(Dataset excerpts)
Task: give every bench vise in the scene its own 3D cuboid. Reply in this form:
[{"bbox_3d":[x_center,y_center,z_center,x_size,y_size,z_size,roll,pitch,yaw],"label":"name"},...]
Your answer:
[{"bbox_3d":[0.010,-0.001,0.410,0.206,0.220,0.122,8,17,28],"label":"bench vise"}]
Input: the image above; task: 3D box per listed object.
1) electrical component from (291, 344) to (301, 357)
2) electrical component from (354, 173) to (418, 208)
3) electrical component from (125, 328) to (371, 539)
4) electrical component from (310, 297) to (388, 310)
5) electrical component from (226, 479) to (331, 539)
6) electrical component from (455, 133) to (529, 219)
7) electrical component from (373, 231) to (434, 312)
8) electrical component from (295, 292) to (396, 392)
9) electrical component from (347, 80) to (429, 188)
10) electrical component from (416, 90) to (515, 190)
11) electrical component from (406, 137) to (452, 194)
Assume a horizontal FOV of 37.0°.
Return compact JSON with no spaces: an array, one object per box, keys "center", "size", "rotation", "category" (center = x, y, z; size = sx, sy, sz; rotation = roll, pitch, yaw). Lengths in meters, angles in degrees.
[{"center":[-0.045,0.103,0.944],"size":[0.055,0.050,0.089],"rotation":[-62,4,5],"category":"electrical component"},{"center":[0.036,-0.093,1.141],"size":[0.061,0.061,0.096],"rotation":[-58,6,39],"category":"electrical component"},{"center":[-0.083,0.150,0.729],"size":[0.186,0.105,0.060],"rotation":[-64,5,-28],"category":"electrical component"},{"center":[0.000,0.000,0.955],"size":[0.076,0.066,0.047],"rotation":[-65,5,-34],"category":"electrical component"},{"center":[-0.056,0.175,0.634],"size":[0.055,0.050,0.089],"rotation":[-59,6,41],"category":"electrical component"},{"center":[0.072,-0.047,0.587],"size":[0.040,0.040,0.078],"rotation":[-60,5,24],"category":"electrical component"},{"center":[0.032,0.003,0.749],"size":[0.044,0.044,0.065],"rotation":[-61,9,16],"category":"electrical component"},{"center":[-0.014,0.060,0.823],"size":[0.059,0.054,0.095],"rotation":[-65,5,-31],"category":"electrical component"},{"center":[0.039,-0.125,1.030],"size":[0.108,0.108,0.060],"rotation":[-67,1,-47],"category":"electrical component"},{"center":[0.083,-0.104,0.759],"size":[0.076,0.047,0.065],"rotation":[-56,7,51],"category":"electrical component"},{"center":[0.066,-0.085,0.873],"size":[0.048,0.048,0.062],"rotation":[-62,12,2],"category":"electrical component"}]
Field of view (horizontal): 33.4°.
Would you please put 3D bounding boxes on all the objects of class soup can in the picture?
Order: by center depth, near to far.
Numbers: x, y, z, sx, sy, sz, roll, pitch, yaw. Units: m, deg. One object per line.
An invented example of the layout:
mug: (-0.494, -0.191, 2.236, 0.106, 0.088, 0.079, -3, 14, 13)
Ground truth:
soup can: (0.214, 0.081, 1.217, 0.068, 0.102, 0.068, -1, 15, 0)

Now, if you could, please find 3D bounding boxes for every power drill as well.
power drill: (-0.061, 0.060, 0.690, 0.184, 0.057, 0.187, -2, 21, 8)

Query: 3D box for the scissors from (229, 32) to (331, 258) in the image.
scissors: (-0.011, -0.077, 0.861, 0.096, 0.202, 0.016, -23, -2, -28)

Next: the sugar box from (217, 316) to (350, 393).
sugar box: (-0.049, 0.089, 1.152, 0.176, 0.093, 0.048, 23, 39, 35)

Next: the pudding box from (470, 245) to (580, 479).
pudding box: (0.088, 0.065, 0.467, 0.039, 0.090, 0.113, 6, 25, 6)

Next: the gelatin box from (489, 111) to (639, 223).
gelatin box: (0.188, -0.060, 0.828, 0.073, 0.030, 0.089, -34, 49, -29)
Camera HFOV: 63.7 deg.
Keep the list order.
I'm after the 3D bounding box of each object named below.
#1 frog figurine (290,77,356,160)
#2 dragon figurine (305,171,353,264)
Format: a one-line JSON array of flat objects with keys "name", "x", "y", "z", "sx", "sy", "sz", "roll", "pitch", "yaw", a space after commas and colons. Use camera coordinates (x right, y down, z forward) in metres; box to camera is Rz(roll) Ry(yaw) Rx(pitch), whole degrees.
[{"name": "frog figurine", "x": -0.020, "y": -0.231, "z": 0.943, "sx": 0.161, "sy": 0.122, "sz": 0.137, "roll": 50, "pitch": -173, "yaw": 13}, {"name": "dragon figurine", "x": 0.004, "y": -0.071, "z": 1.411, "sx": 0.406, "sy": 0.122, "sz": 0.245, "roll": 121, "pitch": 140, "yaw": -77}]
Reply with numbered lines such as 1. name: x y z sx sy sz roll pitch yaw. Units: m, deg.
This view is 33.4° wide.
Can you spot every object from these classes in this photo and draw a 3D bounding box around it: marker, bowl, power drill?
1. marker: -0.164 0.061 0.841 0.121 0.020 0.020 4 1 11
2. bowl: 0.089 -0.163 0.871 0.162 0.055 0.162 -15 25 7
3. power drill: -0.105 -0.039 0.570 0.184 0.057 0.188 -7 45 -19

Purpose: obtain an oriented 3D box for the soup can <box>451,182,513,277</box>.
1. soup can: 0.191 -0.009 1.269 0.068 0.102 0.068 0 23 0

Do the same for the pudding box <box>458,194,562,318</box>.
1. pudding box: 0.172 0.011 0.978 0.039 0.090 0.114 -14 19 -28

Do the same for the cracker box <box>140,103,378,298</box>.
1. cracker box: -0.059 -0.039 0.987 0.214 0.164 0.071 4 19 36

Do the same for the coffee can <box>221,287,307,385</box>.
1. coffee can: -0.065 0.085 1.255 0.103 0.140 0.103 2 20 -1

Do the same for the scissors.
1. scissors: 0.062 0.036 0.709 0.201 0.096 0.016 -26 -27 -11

(TASK DESCRIPTION) Please print the data above exactly as it appears.

(OUTPUT OF THE TASK)
Task: give every bench vise in the scene its own 3D cuboid. Reply in this form:
[{"bbox_3d":[x_center,y_center,z_center,x_size,y_size,z_size,roll,pitch,yaw],"label":"name"},...]
Your answer:
[{"bbox_3d":[0.010,-0.001,0.410,0.206,0.220,0.122,8,17,28],"label":"bench vise"}]
Input: the image above; task: 3D box per listed object.
1) electrical component from (291, 344) to (301, 357)
2) electrical component from (354, 173) to (418, 208)
3) electrical component from (125, 328) to (371, 539)
4) electrical component from (310, 297) to (388, 310)
5) electrical component from (226, 479) to (331, 539)
6) electrical component from (455, 133) to (529, 219)
7) electrical component from (373, 231) to (434, 312)
8) electrical component from (295, 292) to (396, 392)
9) electrical component from (347, 80) to (429, 188)
10) electrical component from (416, 90) to (515, 190)
11) electrical component from (406, 137) to (452, 194)
Assume a horizontal FOV of 37.0°.
Return compact JSON with no spaces: an array, one object per box, keys "center", "size", "rotation", "category" (center = x, y, z; size = sx, sy, sz; rotation = roll, pitch, yaw). Lengths in meters, angles in degrees.
[{"center":[-0.045,0.103,0.944],"size":[0.055,0.050,0.089],"rotation":[-62,4,5],"category":"electrical component"},{"center":[0.036,-0.093,1.141],"size":[0.061,0.061,0.096],"rotation":[-58,6,39],"category":"electrical component"},{"center":[-0.083,0.150,0.729],"size":[0.186,0.105,0.060],"rotation":[-64,5,-28],"category":"electrical component"},{"center":[0.000,0.000,0.955],"size":[0.076,0.066,0.047],"rotation":[-65,5,-34],"category":"electrical component"},{"center":[-0.056,0.175,0.634],"size":[0.055,0.050,0.089],"rotation":[-59,6,41],"category":"electrical component"},{"center":[0.072,-0.047,0.587],"size":[0.040,0.040,0.078],"rotation":[-60,5,24],"category":"electrical component"},{"center":[0.032,0.003,0.749],"size":[0.044,0.044,0.065],"rotation":[-61,9,16],"category":"electrical component"},{"center":[-0.014,0.060,0.823],"size":[0.059,0.054,0.095],"rotation":[-65,5,-31],"category":"electrical component"},{"center":[0.039,-0.125,1.030],"size":[0.108,0.108,0.060],"rotation":[-67,1,-47],"category":"electrical component"},{"center":[0.083,-0.104,0.759],"size":[0.076,0.047,0.065],"rotation":[-56,7,51],"category":"electrical component"},{"center":[0.066,-0.085,0.873],"size":[0.048,0.048,0.062],"rotation":[-62,12,2],"category":"electrical component"}]
Field of view (horizontal): 33.4°.
Would you please put 3D bounding boxes on all the objects of class soup can in the picture?
Order: by center depth, near to far.
Numbers: x, y, z, sx, sy, sz, roll, pitch, yaw. Units: m, deg. One object per line.
An invented example of the layout:
mug: (-0.494, -0.191, 2.236, 0.106, 0.088, 0.079, -3, 14, 13)
Ground truth:
soup can: (0.214, 0.081, 1.217, 0.068, 0.102, 0.068, -1, 15, 0)

Now, if you could, please find 3D bounding boxes for every power drill as well.
power drill: (-0.061, 0.060, 0.690, 0.184, 0.057, 0.187, -2, 21, 8)

Query: 3D box for the scissors from (229, 32) to (331, 258) in the image.
scissors: (-0.011, -0.077, 0.861, 0.096, 0.202, 0.016, -23, -2, -28)

Next: the sugar box from (217, 316) to (350, 393).
sugar box: (-0.049, 0.089, 1.152, 0.176, 0.093, 0.048, 23, 39, 35)

Next: the pudding box from (470, 245) to (580, 479).
pudding box: (0.088, 0.065, 0.467, 0.039, 0.090, 0.113, 6, 25, 6)

Next: the gelatin box from (489, 111) to (639, 223).
gelatin box: (0.188, -0.060, 0.828, 0.073, 0.030, 0.089, -34, 49, -29)
Camera HFOV: 63.7 deg.
Keep the list order.
I'm after the 3D bounding box of each object named below.
#1 frog figurine (290,77,356,160)
#2 dragon figurine (305,171,353,264)
Format: a one-line JSON array of flat objects with keys "name", "x", "y", "z", "sx", "sy", "sz", "roll", "pitch", "yaw", a space after commas and colons. Use camera coordinates (x right, y down, z forward) in metres; box to camera is Rz(roll) Ry(yaw) Rx(pitch), whole degrees.
[{"name": "frog figurine", "x": -0.020, "y": -0.231, "z": 0.943, "sx": 0.161, "sy": 0.122, "sz": 0.137, "roll": 50, "pitch": -173, "yaw": 13}, {"name": "dragon figurine", "x": 0.004, "y": -0.071, "z": 1.411, "sx": 0.406, "sy": 0.122, "sz": 0.245, "roll": 121, "pitch": 140, "yaw": -77}]
Reply with numbered lines such as 1. name: x y z sx sy sz roll pitch yaw. Units: m, deg.
This view is 33.4° wide.
Can you spot every object from these classes in this photo and draw a 3D bounding box around it: marker, bowl, power drill?
1. marker: -0.164 0.061 0.841 0.121 0.020 0.020 4 1 11
2. bowl: 0.089 -0.163 0.871 0.162 0.055 0.162 -15 25 7
3. power drill: -0.105 -0.039 0.570 0.184 0.057 0.188 -7 45 -19

Purpose: obtain an oriented 3D box for the soup can <box>451,182,513,277</box>.
1. soup can: 0.191 -0.009 1.269 0.068 0.102 0.068 0 23 0

Do the same for the pudding box <box>458,194,562,318</box>.
1. pudding box: 0.172 0.011 0.978 0.039 0.090 0.114 -14 19 -28

Do the same for the cracker box <box>140,103,378,298</box>.
1. cracker box: -0.059 -0.039 0.987 0.214 0.164 0.071 4 19 36

Do the same for the coffee can <box>221,287,307,385</box>.
1. coffee can: -0.065 0.085 1.255 0.103 0.140 0.103 2 20 -1

Do the same for the scissors.
1. scissors: 0.062 0.036 0.709 0.201 0.096 0.016 -26 -27 -11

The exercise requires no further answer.